After recognizing a renal expansive process, differential diagnosis of cystic from solid lesions is crucial for the choice of therapy, and in the case of solid lesions, it is essential to differentiate benign from malignant ones [2–4].
Cystic lesions are generally easy to differentiate because no enhancement is detected after the intravenous injection of contrast medium, while it is generally difficult to characterize solid lesions at CT and the results so far reported are widely discordant [5–9].
In particular, the difficulties of differential diagnosis concern the differentiation among carcinomas, oncocytomas, and angiomyolipomas, which represent the most common benign lesions.
The aim of this research is to assess the potential of CT for characterizing small renal tumors.
In the period between January 2010 and March 2014, CT images of 76 patients (male/female, 50/26; mean age 53; range 32–78 years) with an incidental finding of small renal mass were retrospectively evaluated.
Patients underwent CT examination in elective or urgent setting for different clinical problems and without a significant urinary indication in all cases.
The list of the enrolled patients was sought in our database, by using keywords such as “expansive renal lesion.” Thus a list of 220 lesions was obtained; simple renal cysts, cyst-like lesions, solid renal lesions with a diameter greater than 4 cm, and all renal lesions observed in patients with a known primary tumor because of suspected secondary localizations were excluded.

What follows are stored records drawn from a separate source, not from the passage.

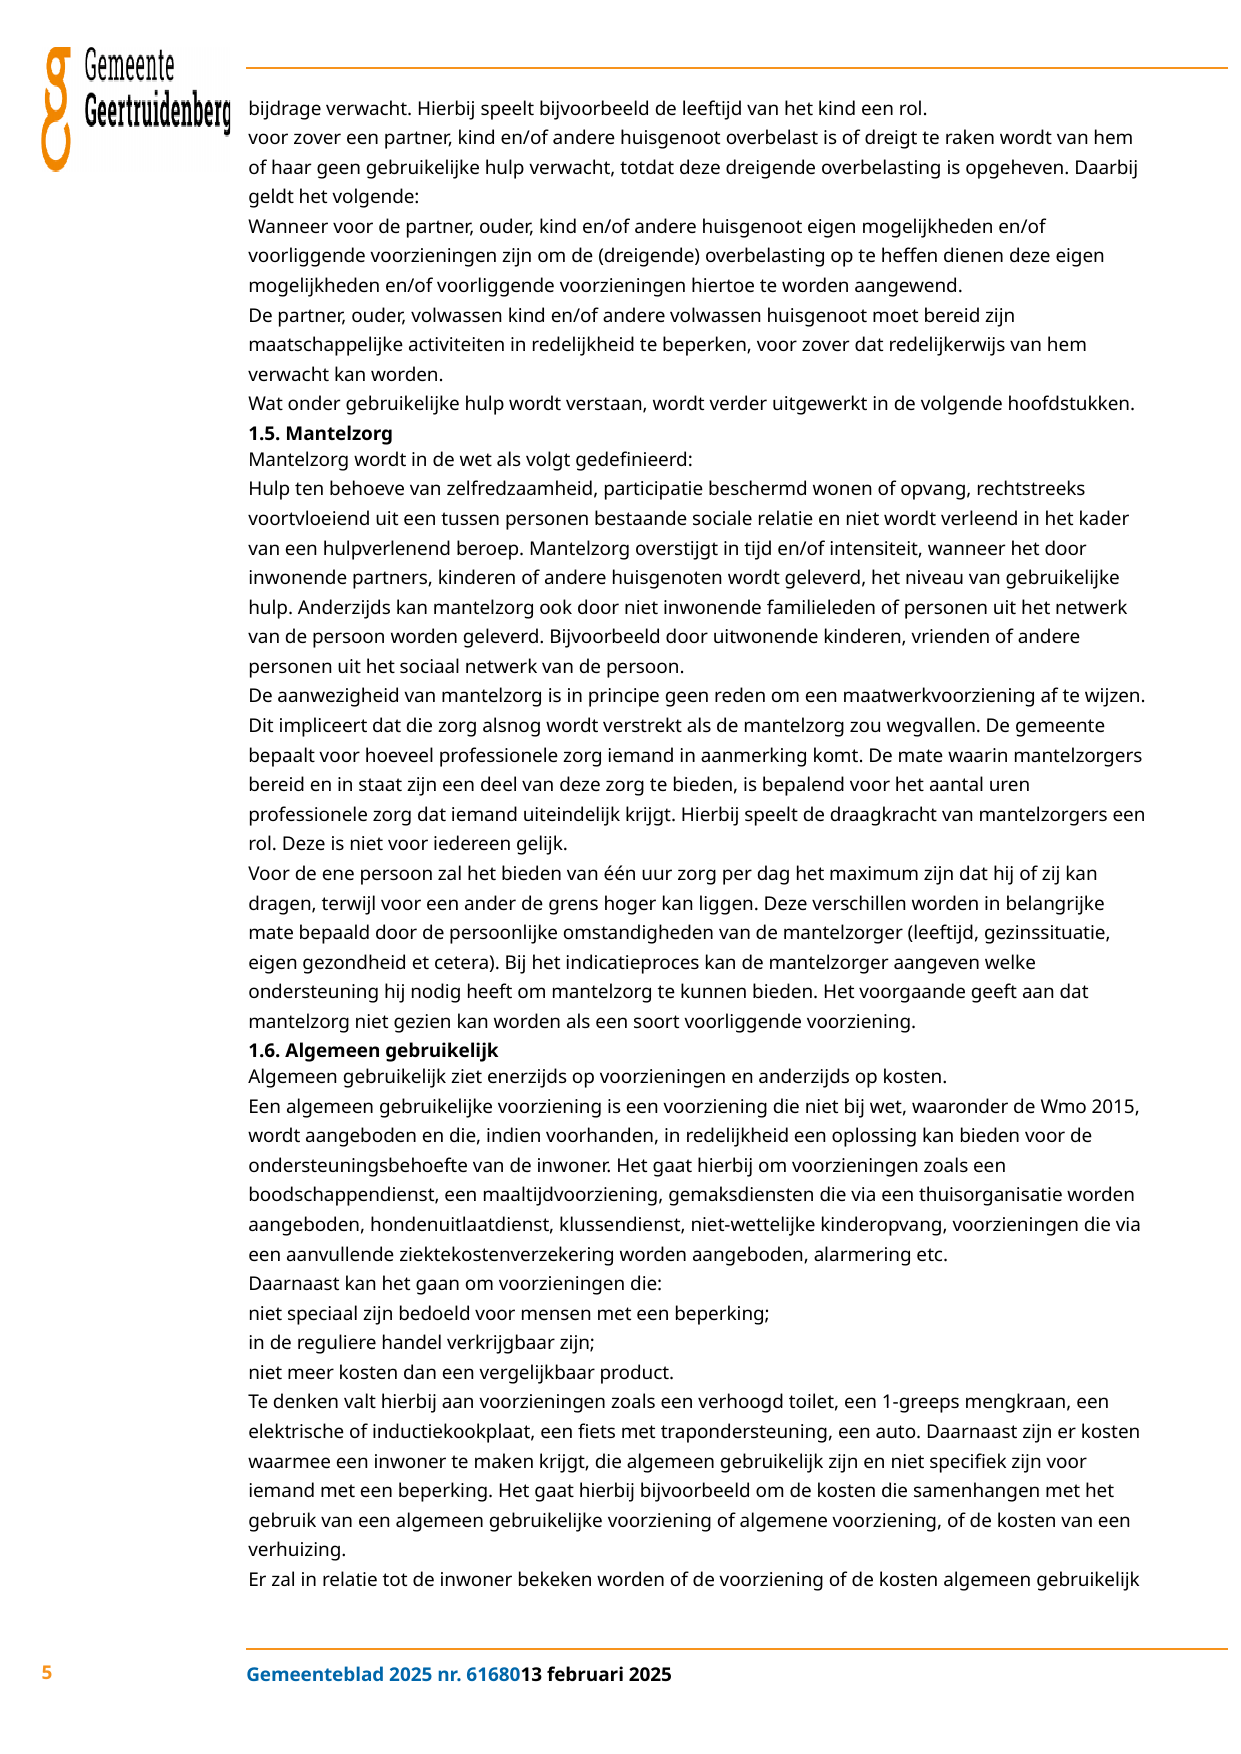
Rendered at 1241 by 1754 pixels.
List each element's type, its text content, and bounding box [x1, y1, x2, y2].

text Een algemeen gebruikelijke voorziening is een voorziening die niet bij wet, waaronder de Wmo 2015, wordt aangeboden en die, indien voorhanden, in redelijkheid een oplossing kan bieden voor de ondersteuningsbehoefte van de inwoner. Het gaat hierbij om voorzieningen zoals een boodschappendienst, een maaltijdvoorziening, gemaksdiensten die via een thuisorganisatie worden aangeboden, hondenuitlaatdienst, klussendienst, niet-wettelijke kinderopvang, voorzieningen die via een aanvullende ziektekostenverzekering worden aangeboden, alarmering etc. [248, 1093, 1152, 1267]
text Algemeen gebruikelijk ziet enerzijds op voorzieningen en anderzijds op kosten. [248, 1063, 1152, 1089]
text niet speciaal zijn bedoeld voor mensen met een beperking; [248, 1300, 1152, 1326]
text bijdrage verwacht. Hierbij speelt bijvoorbeeld de leeftijd van het kind een rol. [248, 95, 1152, 121]
text Daarnaast kan het gaan om voorzieningen die: [248, 1270, 1152, 1296]
text voor zover een partner, kind en/of andere huisgenoot overbelast is of dreigt te raken wordt van hem of haar geen gebruikelijke hulp verwacht, totdat deze dreigende overbelasting is opgeheven. Daarbij geldt het volgende: [248, 124, 1152, 209]
text Er zal in relatie tot de inwoner bekeken worden of de voorziening of de kosten algemeen gebruikelijk [248, 1566, 1152, 1592]
text in de reguliere handel verkrijgbaar zijn; [248, 1329, 1152, 1355]
text Wat onder gebruikelijke hulp wordt verstaan, wordt verder uitgewerkt in de volgende hoofdstukken. [248, 391, 1152, 416]
text 1.5. Mantelzorg [248, 420, 1152, 446]
text De aanwezigheid van mantelzorg is in principe geen reden om een maatwerkvoorziening af te wijzen. Dit impliceert dat die zorg alsnog wordt verstrekt als de mantelzorg zou wegvallen. De gemeente bepaalt voor hoeveel professionele zorg iemand in aanmerking komt. De mate waarin mantelzorgers bereid en in staat zijn een deel van deze zorg te bieden, is bepalend voor het aantal uren professionele zorg dat iemand uiteindelijk krijgt. Hierbij speelt de draagkracht van mantelzorgers een rol. Deze is niet voor iedereen gelijk. [248, 683, 1152, 856]
text Voor de ene persoon zal het bieden van één uur zorg per dag het maximum zijn dat hij of zij kan dragen, terwijl voor een ander de grens hoger kan liggen. Deze verschillen worden in belangrijke mate bepaald door de persoonlijke omstandigheden van de mantelzorger (leeftijd, gezinssituatie, eigen gezondheid et cetera). Bij het indicatieproces kan de mantelzorger aangeven welke ondersteuning hij nodig heeft om mantelzorg te kunnen bieden. Het voorgaande geeft aan dat mantelzorg niet gezien kan worden als een soort voorliggende voorziening. [248, 860, 1152, 1034]
text Hulp ten behoeve van zelfredzaamheid, participatie beschermd wonen of opvang, rechtstreeks voortvloeiend uit een tussen personen bestaande sociale relatie en niet wordt verleend in het kader van een hulpverlenend beroep. Mantelzorg overstijgt in tijd en/of intensiteit, wanneer het door inwonende partners, kinderen of andere huisgenoten wordt geleverd, het niveau van gebruikelijke hulp. Anderzijds kan mantelzorg ook door niet inwonende familieleden of personen uit het netwerk van de persoon worden geleverd. Bijvoorbeeld door uitwonende kinderen, vrienden of andere personen uit het sociaal netwerk van de persoon. [248, 476, 1152, 679]
text Te denken valt hierbij aan voorzieningen zoals een verhoogd toilet, een 1-greeps mengkraan, een elektrische of inductiekookplaat, een fiets met trapondersteuning, een auto. Daarnaast zijn er kosten waarmee een inwoner te maken krijgt, die algemeen gebruikelijk zijn en niet specifiek zijn voor iemand met een beperking. Het gaat hierbij bijvoorbeeld om de kosten die samenhangen met het gebruik van een algemeen gebruikelijke voorziening of algemene voorziening, of de kosten van een verhuizing. [248, 1389, 1152, 1562]
text niet meer kosten dan een vergelijkbaar product. [248, 1359, 1152, 1385]
text De partner, ouder, volwassen kind en/of andere volwassen huisgenoot moet bereid zijn maatschappelijke activiteiten in redelijkheid te beperken, voor zover dat redelijkerwijs van hem verwacht kan worden. [248, 302, 1152, 387]
text Mantelzorg wordt in de wet als volgt gedefinieerd: [248, 446, 1152, 472]
text Wanneer voor de partner, ouder, kind en/of andere huisgenoot eigen mogelijkheden en/of voorliggende voorzieningen zijn om de (dreigende) overbelasting op te heffen dienen deze eigen mogelijkheden en/of voorliggende voorzieningen hiertoe te worden aangewend. [248, 213, 1152, 298]
text 1.6. Algemeen gebruikelijk [248, 1038, 1152, 1063]
picture [41, 47, 231, 172]

The examined series included 56 renal cell carcinomas (44 clear cell carcinomas, 4 chromophobe carcinomas, and 8 papillary carcinomas), 12 angiomyolipomas, and 8 oncocytomas.
The definitive diagnosis was based on histological control after surgery in case of carcinomas and oncocytomas, while in case of angiomyolipomas it was based exclusively on the densitometric morphology of the lesions.
CT examinations were performed by using 16-row (Aquilion 16, Toshiba Medical Systems, Tochigi, Japan) and 320-row (Aquilion One, Toshiba Medical Systems, Ottawa, Japan) devices. The following parameters were used for 16-row CT: thickness 1 mm; increment 0.8 mm; rotation time 1 s; kV/mAs 120/250; matrix 512 × 512, and the following parameters for 320-row CT: thickness 0.5 mm; increment 0.5; rotation time 0.5 s; kV/mAs 120/250; matrix 512 × 512.
CT scans were acquired before and after intravenous injection of contrast medium (Iomeron 400, Bracco, Milan, Italy; Ultravist 370, Bayer, Berlin, Germany) at a flowrate of 3–3.5 mL/s and a dose of 1.5 mL/kg of body weight. A triphasic technique was used in all cases with image acquisition in the arterial (30–35 s mean delay), portal (65–70 s mean delay), and delayed (240 s mean delay) phases.
All MDCT data were transferred to a workstation (HP XW 8600) equipped with dedicated software (Vitrea FX 2.1, Vital Images, Minneapolis, Minnesota, US) for image reconstructions. Multiplanar (MPR) and volume rendering (VR) reconstruction programs were used. The entire image analysis was performed within 15 min per patient. Axial and reconstructed images were examined in consensus by two experienced radiologists in the field of CT examination of the urinary tract.
The following parameters were considered for evaluating CT images obtained before the intravenous injection of contrast medium:(i)presence of calcifications,(ii)evidence of adipose tissue as markedly hypodense intralesional areas with Hounsfield Unit (HU) values of less than –30,(iii)densitometric values within the detected lesion.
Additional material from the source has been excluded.